ABOUT THIS EXERCISE: Copy the records word for word, omitting all pictures.

______

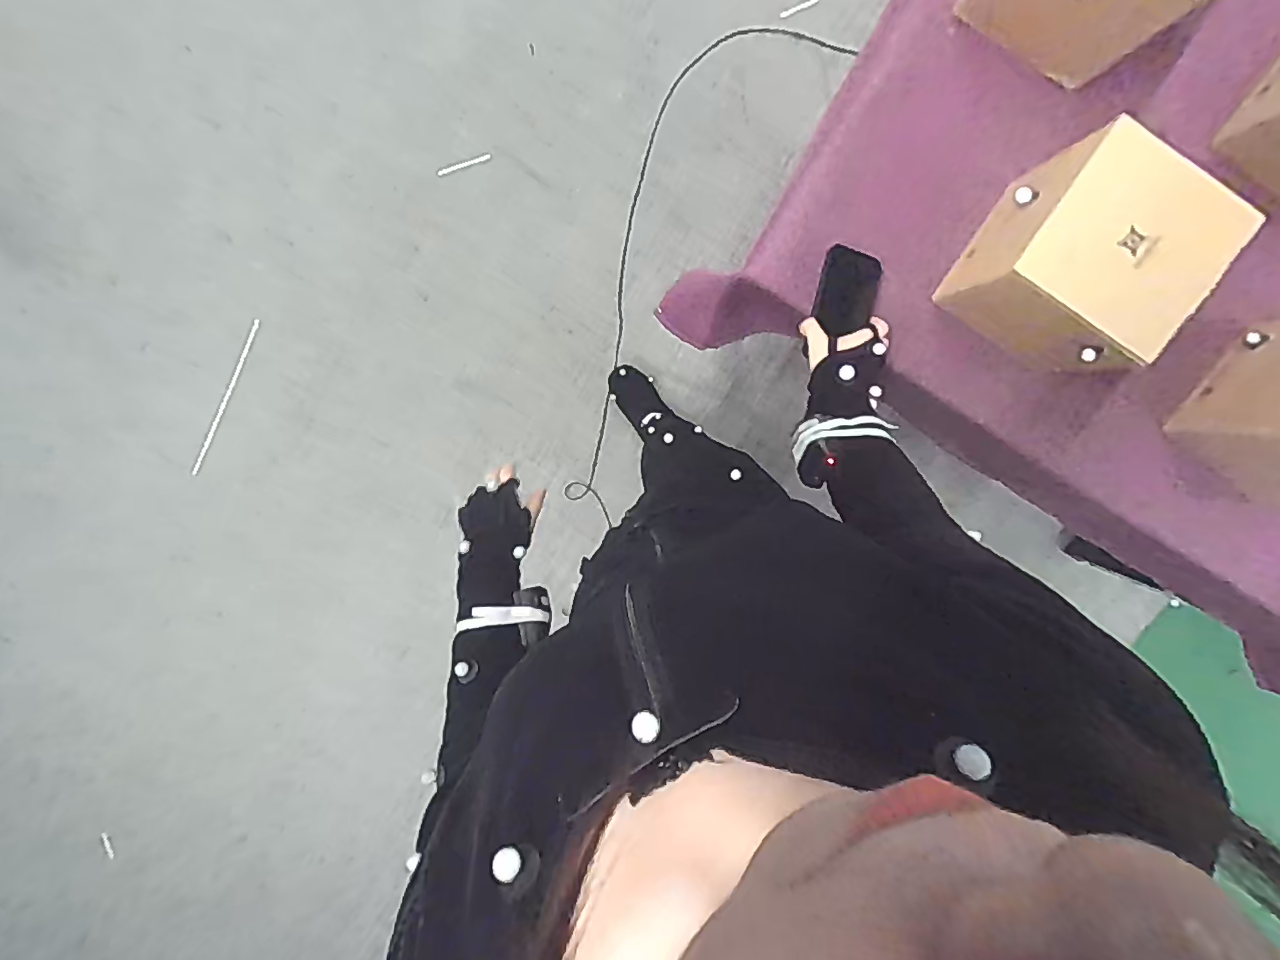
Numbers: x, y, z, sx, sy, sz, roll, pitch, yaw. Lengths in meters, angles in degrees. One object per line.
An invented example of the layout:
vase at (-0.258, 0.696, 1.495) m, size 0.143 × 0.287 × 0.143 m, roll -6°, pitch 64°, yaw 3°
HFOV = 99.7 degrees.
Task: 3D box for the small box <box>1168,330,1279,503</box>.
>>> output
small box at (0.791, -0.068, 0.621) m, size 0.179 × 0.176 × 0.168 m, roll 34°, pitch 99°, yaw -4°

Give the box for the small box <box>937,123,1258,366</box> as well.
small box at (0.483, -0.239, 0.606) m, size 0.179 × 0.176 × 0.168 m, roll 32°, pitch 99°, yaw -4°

______

RESPONSE BELOW:
Numbers: x, y, z, sx, sy, sz, roll, pitch, yaw. Lengths in meters, angles in degrees. One object per line.
An invented example of the layout:
vase at (-0.258, 0.696, 1.495) m, size 0.143 × 0.287 × 0.143 m, roll -6°, pitch 64°, yaw 3°
HFOV = 99.7 degrees.
Task: 3D box for the small box <box>1168,330,1279,503</box>.
>>> output
small box at (0.791, -0.068, 0.621) m, size 0.179 × 0.176 × 0.168 m, roll 34°, pitch 99°, yaw -4°

Give the box for the small box <box>937,123,1258,366</box> as well.
small box at (0.483, -0.239, 0.606) m, size 0.179 × 0.176 × 0.168 m, roll 32°, pitch 99°, yaw -4°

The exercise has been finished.